━━━━━ DATA BELOW ━━━━━

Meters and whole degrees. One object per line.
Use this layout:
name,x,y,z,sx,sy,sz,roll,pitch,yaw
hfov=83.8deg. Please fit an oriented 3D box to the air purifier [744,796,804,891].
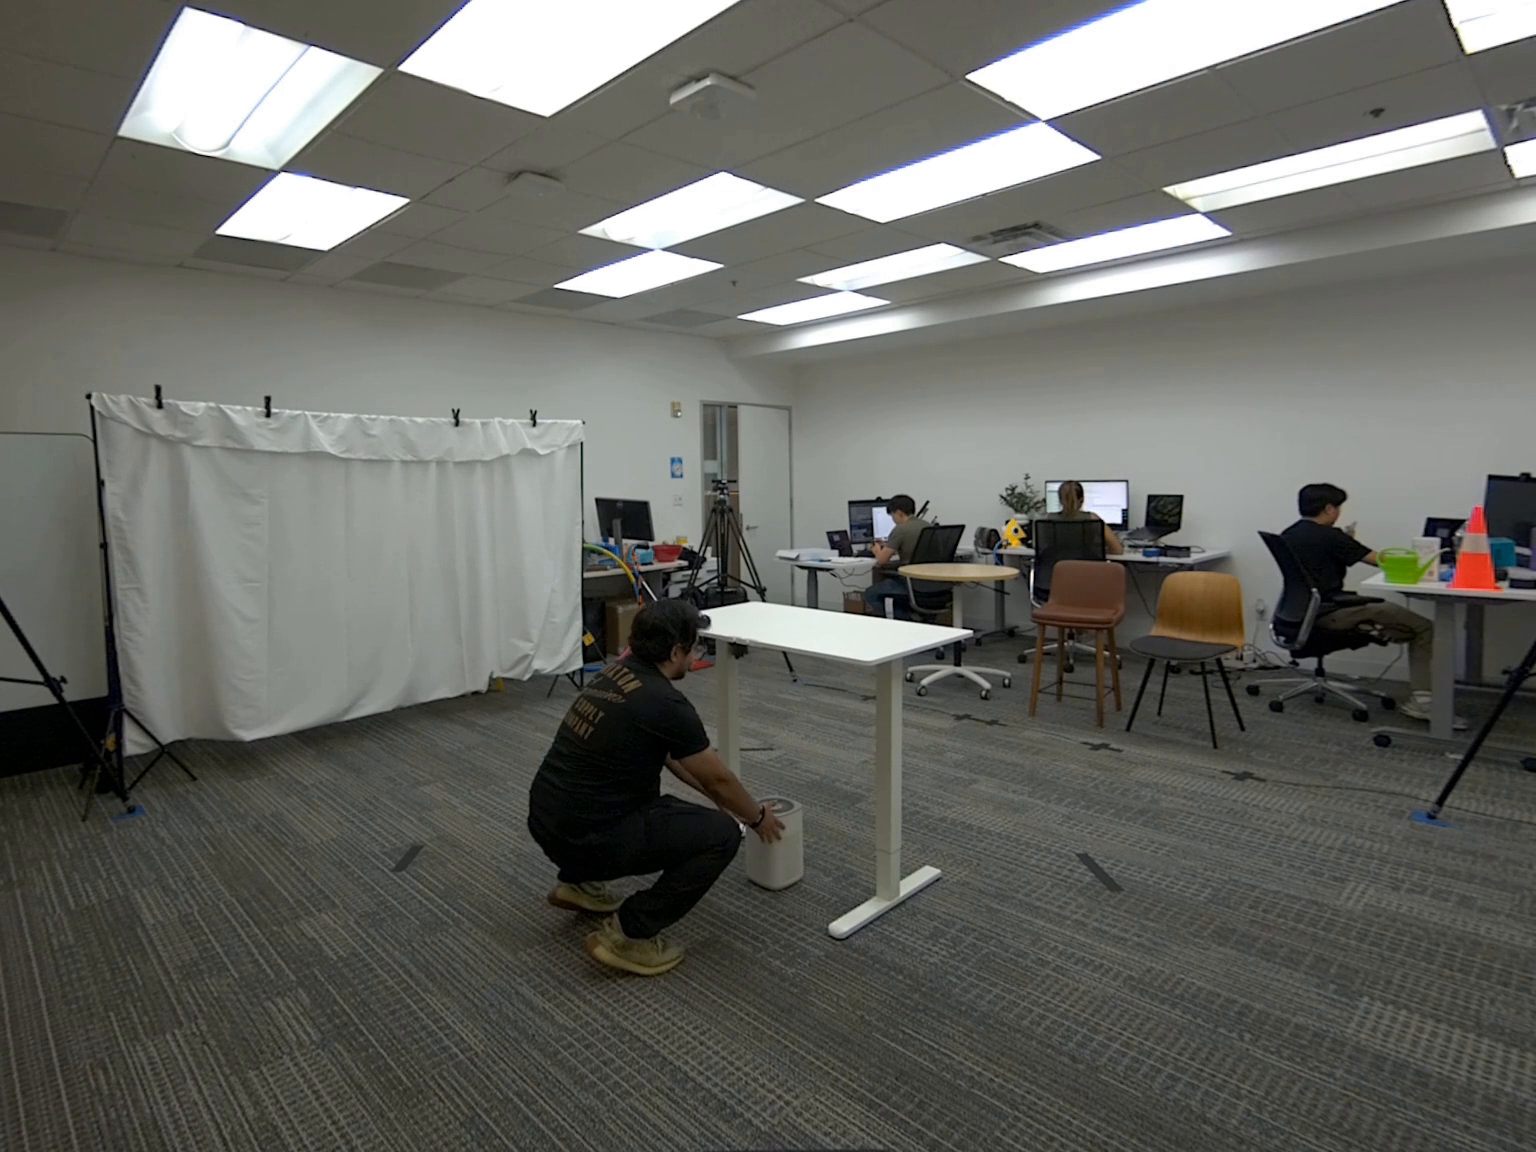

━━━━━

= TASK INSTRUCTIONS =
The copy should begin at the line containing "name,x,y,z,sx,sy,sz,roll,pitch,yaw" and end at the last line of the data above; please restate those lines word for word without the pictures.

= TASK SOLUTION =
name,x,y,z,sx,sy,sz,roll,pitch,yaw
hfov=83.8deg. Please fit an oriented 3D box to the air purifier [744,796,804,891].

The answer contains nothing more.